For the decision by Bercow - the "gurning gargoyle" in one of columnist Richard Littlejohn's more generous descriptions this week - to block a meaningful vote was in fact wholly justified. What possible grounds could there be for asking the Commons to vote again on something it had decided - as amended by Letwin - only 48 hours earlier? Bercow is not the easiest of men. But for this and all the other ways he has stood up for parliament against an overbearing executive, history will judge him, like Lenthall, kindly.

Public enemy #3, inevitably, was Jeremy Corbyn. "Fury at Labour plot to wreck Brexit" screamed the Daily Mail splash headline on Monday, as if opposing a bill demonstrably more dangerous for Britain's economy than Theresa May's, was an act of treason. Never mind that productive business - from the Food and Drink Federation to the Society of Motor Manufacturers - continued this week to highlight the costs of a deal that no longer prescribed regulatory alignment with the EU. Had they backed the agreement, it's a safe bet that their calls would have had the coverage that mainly eluded them.

But there was another reason why the Mail's denunciation threatened to prove wide of the mark. If Johnson decided to bring back the bill on a longer timetable - rather than push for the early election he threatened - there would be still room for amendments beyond the possible attempt by pro-European Tories to extend the deadline for negotiation of a Free Trade Agreement with the EU beyond December 2020. Earlier in the week, Labour Remainers - the large majority of party members, MPs, senior shadow cabinet members and supporters - were still clinging to the hope that if a 'wrecking amendment' in favour of a customs union could pass, a majority of MPs might finally then be persuaded to back a second referendum. Yet not only has Corbyn long been resistant to such a course; it looks as if the parliamentary votes for it may if anything be slipping away.

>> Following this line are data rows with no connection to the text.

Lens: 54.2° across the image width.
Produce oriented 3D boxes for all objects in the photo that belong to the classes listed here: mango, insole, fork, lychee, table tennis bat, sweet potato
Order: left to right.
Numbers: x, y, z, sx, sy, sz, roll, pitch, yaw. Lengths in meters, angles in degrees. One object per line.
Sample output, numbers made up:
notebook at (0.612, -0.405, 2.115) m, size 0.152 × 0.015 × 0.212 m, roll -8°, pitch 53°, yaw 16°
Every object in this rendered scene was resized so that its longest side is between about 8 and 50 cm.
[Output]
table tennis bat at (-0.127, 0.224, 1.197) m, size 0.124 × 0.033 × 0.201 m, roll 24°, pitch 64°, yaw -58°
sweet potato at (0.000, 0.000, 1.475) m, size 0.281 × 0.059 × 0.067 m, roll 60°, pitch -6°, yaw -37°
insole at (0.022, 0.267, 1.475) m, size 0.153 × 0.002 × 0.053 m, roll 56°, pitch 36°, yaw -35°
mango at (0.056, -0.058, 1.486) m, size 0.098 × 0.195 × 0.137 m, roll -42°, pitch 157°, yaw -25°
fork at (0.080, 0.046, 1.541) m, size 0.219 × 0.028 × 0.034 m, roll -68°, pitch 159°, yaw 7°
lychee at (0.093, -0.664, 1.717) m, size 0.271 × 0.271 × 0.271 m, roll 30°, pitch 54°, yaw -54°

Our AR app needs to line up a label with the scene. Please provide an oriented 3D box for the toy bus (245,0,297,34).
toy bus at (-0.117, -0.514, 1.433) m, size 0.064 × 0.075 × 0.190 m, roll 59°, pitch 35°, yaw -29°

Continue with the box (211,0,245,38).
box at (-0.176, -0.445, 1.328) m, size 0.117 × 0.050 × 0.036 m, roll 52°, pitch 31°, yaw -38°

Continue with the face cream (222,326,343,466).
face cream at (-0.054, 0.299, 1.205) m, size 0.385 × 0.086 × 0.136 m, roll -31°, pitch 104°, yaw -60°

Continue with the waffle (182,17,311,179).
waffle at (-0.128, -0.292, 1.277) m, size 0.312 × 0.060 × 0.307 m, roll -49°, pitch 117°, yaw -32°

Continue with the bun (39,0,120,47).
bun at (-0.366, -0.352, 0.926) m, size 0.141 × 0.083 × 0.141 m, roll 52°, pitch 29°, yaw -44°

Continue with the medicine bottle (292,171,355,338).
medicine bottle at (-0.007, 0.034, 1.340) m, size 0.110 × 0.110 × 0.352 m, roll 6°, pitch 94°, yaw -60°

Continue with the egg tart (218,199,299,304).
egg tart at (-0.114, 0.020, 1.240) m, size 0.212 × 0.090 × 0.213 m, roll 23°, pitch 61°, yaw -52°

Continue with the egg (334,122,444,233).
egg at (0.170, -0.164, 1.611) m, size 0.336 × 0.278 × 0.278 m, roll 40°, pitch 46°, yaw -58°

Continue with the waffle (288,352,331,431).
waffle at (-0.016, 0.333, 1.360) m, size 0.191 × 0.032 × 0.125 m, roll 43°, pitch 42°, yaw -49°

Indeed, amid signs that Remain would now win against Johnson's deal in a public vote, it was hard not to imagine the landscape if Corbyn had acted differently since his 'original sin' of calling, immediately after the 2016 referendum, for the immediate invoking of Article 50. Even then, instead of disenfranchising at a stroke the 48% who voted 'no' to Brexit, the Labour leader might have said: "I fully respect the outcome of the referendum but just as I would after a defeat in a general election I will try to change the public's mind in time for them to decide in another referendum whether they agree with whatever deal emerges."

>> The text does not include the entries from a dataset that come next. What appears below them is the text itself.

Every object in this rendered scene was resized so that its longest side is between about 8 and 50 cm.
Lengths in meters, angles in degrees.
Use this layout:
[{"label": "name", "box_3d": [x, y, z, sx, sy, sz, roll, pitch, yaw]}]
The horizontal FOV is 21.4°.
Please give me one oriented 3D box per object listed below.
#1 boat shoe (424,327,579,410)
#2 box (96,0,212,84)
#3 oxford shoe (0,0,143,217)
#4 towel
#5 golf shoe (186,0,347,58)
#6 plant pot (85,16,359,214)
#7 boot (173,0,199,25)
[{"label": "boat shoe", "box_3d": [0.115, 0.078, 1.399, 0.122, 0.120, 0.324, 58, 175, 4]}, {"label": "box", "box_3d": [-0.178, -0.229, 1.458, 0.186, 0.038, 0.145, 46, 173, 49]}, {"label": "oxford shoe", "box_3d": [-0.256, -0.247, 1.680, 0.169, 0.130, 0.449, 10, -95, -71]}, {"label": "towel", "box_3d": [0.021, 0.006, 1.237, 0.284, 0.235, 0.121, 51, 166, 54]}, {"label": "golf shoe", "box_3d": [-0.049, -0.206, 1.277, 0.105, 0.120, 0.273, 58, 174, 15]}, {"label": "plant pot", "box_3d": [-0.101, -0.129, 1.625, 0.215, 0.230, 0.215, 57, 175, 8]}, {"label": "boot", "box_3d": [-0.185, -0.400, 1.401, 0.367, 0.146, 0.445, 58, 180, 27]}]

At many stages since then - for example after Theresa May failed to secure a majority in the 2017 election - he could have changed course. He could have galvanised Momentum behind such a strategy; he could have headed a national movement embracing much of business and pro-European Tories. Without even jettisoning his own deep Euroscepticism, he could have argued in an analogy deeply embedded in the Labour movement - and used both by Starmer in his private talks with the unions, and by not a few shop stewards in closed trade union meetings - that any offer from the employer should be put back to the members; a second vote, in other words, the democratic course whatever your views. Most self-interestedly from Labour's point of view, he could have vastly strengthened his chances of winning the possibly imminent general election the polls suggest he may lose.

This should not however eclipse Johnson's contemptuous treatment of parliament - effectively Public Enemy #4. Johnson insisted on his indefensibly rushed timetable partly because he was fixated on his unnecessary promise to take Britain out of the EU by October 31. And partly because he wanted to avoid scrutiny of - and improvements to - a bill that now threatens severe damage to Britain's economy, as well as the break-up of the Union, not only with Northern Ireland but with Scotland, to whom he has gifted a new casus belli for independence. But hankering after a 'parliament versus the people' election he also strikes at the cornerstone of the constitution, long accepted as such by the British public.

If he succeeds, he will be hard to stop. In Return of the Jedi Darth Vader finally turns on the Emperor and hurls him to his death to protect Luke Skywalker. In the fictional timescale envisaged by George Lucas, that was two decades after he came to power.